Беспокойно спала Анка в ту ночь. Снились ей кошмарные сны. Она вздрагивала во сне и часто просыпалась. Ещё не занималась заря, а только белая полоска рассвета показалась на горизонте, как услышала она шум моторов. Глянула в окно и сквозь предутренний сумрак увидела вражеских мотоциклистов, которые, как шумная стая хищников, мчались в сторону большой дороги.
– Слава богу, уносятся отсюда, – сказала самой себе Анка. Стоя в ситцевой ночной рубашке, она почувствовала прохладу, поёжилась и снова нырнула в неостывшую постель. Но уснуть не смогла. Перед её глазами возникла страшная картина расправы над Настенькой.
Убит муж… Остались трое детей… Настенька и Степан были такими же сиротами, как и она с Басилём. Теперь их детей забрал Денис Иванович, что он с ними будет делать? Почему не отдал мне старшенькую? Сказал, мол, не надо их разлучать. Может, и в самом деле не стоит разлучать сироток. Младшая, глупая, ещё ничего не понимает, а Маната уже соображает, жмётся к старикам, плачет украдкой. Ласковая Маняшка, не дай бог, заикой останется на всю жизнь. И надо же было такой беде случиться.
Гордой, непокорной была Настенька.
«Если бы не дети малые, пошла бы на фронт, мстить за мужа», – не раз говорила она, и глаза её загорались каким-то страшным гневом, – вспоминала Анка.
«Проклятые! Растарахтелись! Летят куда-то, саранча окаянная. А ведь на самом деле фашисты наши кровники. «Канглы», – вспомнила Анка татарское слово. Именно так их и назвала Настенька, когда вышла с топором в руках, чтобы преградить им путь в свою хату…
Уже совсем рассвело. Надо встать, помочь Дарье Даниловне. Одной ей не управиться с тремя детьми, не молодая ведь.
Анка быстро оделась, прибрала кровать и вышла во двор. Глянув в сторону соседского дома, увидела входящую в сарай Дарью Даниловну Анка хотела направиться к ней, но передумала. Подойдя к плетню, глянула на улицу, никого не увидела, а шум, который разбудил её, доносился откуда-то издалека. И куда этих дьяволов чёрт понёс!

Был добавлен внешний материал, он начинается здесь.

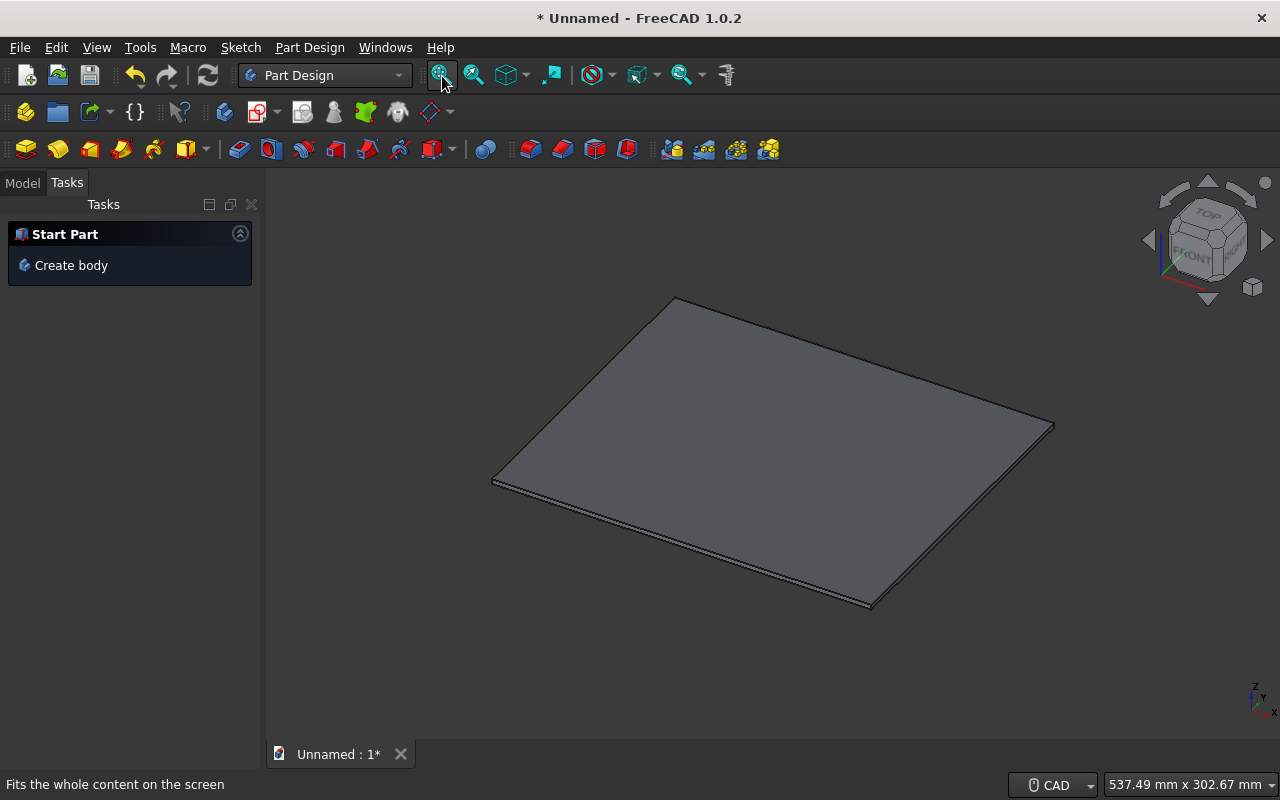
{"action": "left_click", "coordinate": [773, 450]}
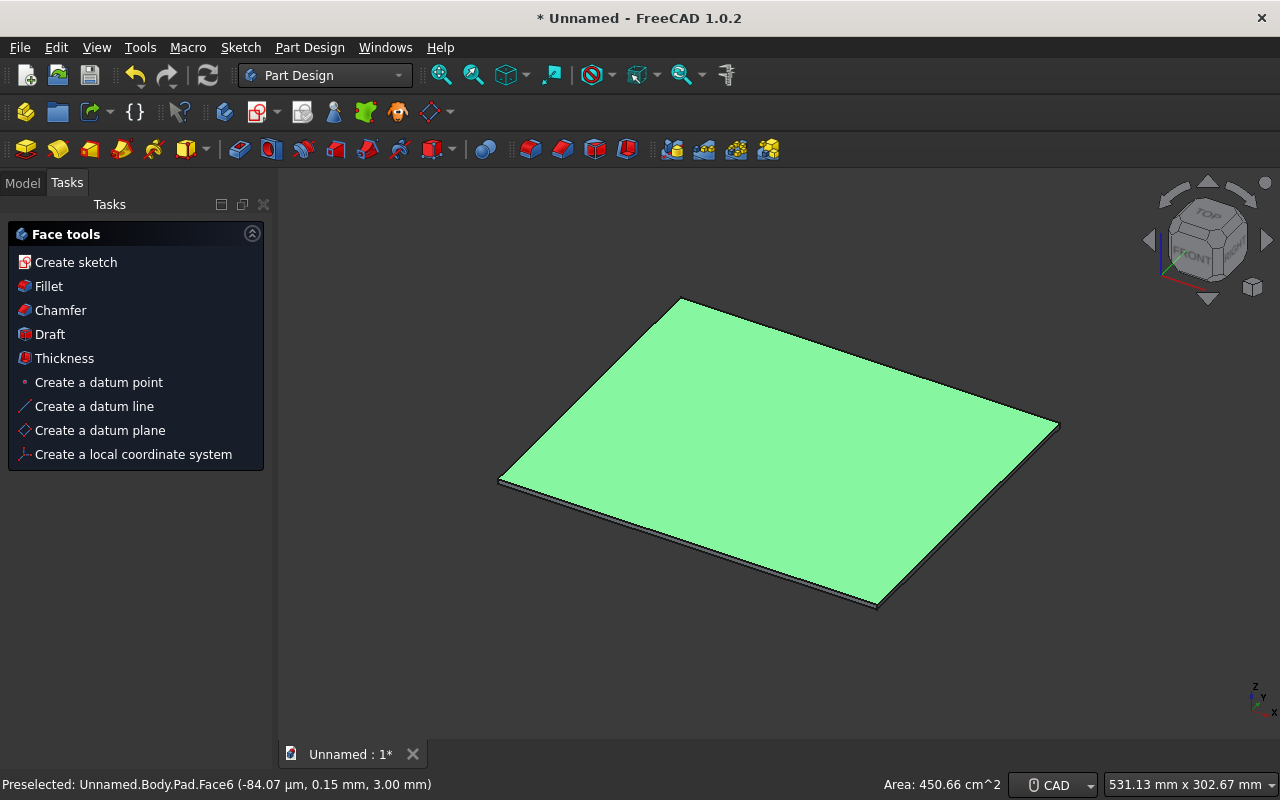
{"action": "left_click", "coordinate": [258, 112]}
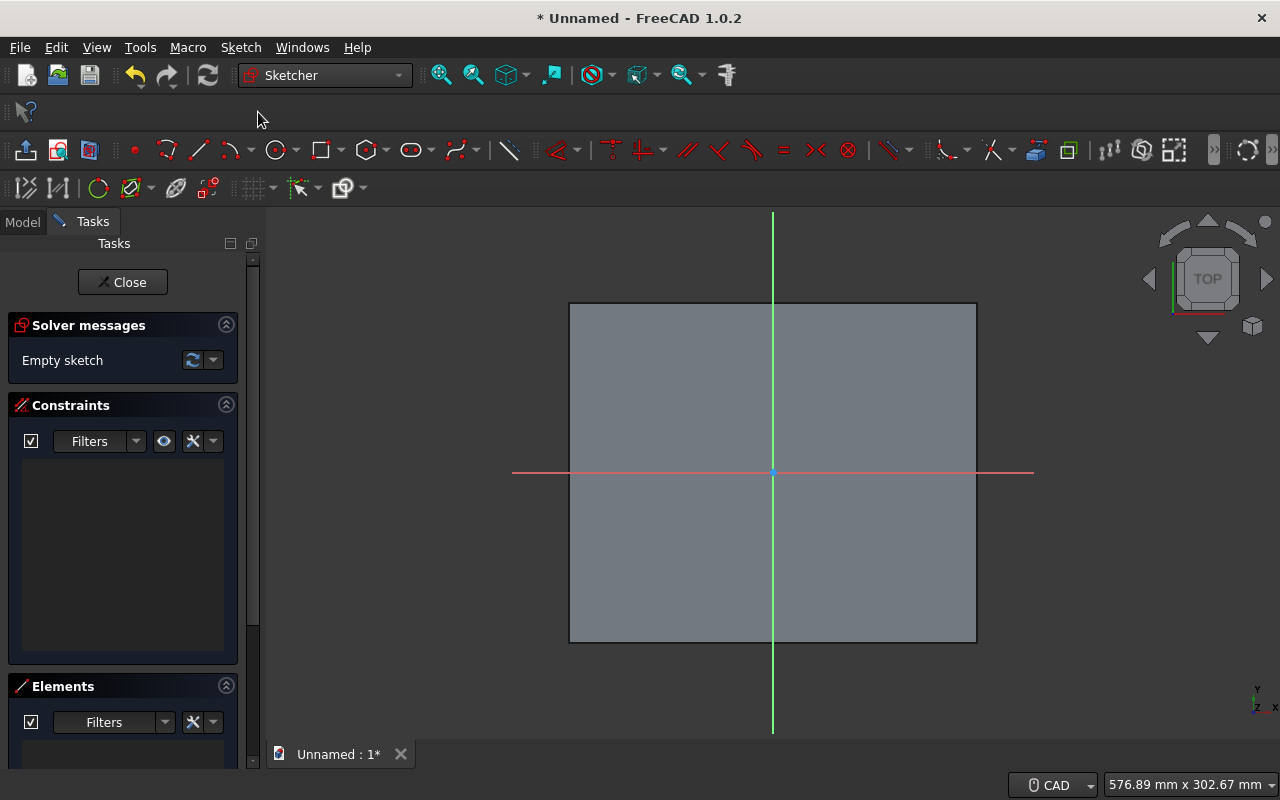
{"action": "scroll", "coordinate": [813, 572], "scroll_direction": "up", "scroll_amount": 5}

Вернулась Анка во двор, подошла к лестнице, которая так и стояла с вечера приставленной к стене, поднялась на крышу. Окинула взглядом дорогу, которая вилась в стороне от широкого лога, по склону которого раскинулись станичные хаты. Пожухлая листва деревьев на рассвете казалась посвежевшей. Померкшие далёкие звёзды и луна, похожая на погасший выщербленный плафон, ещё не покинули посветлевшего неба. Со стороны горной гряды, подёрнутой лёгкой голубой дымкой, веяло прохладой. С выжженных солнцем степей и камышовых плавней Терека тянуло влагой, доносились запахи пряных трав – чабреца и горькой полыни, люцерны. Но этот знакомый с детства степной аромат перекрывал запах гари.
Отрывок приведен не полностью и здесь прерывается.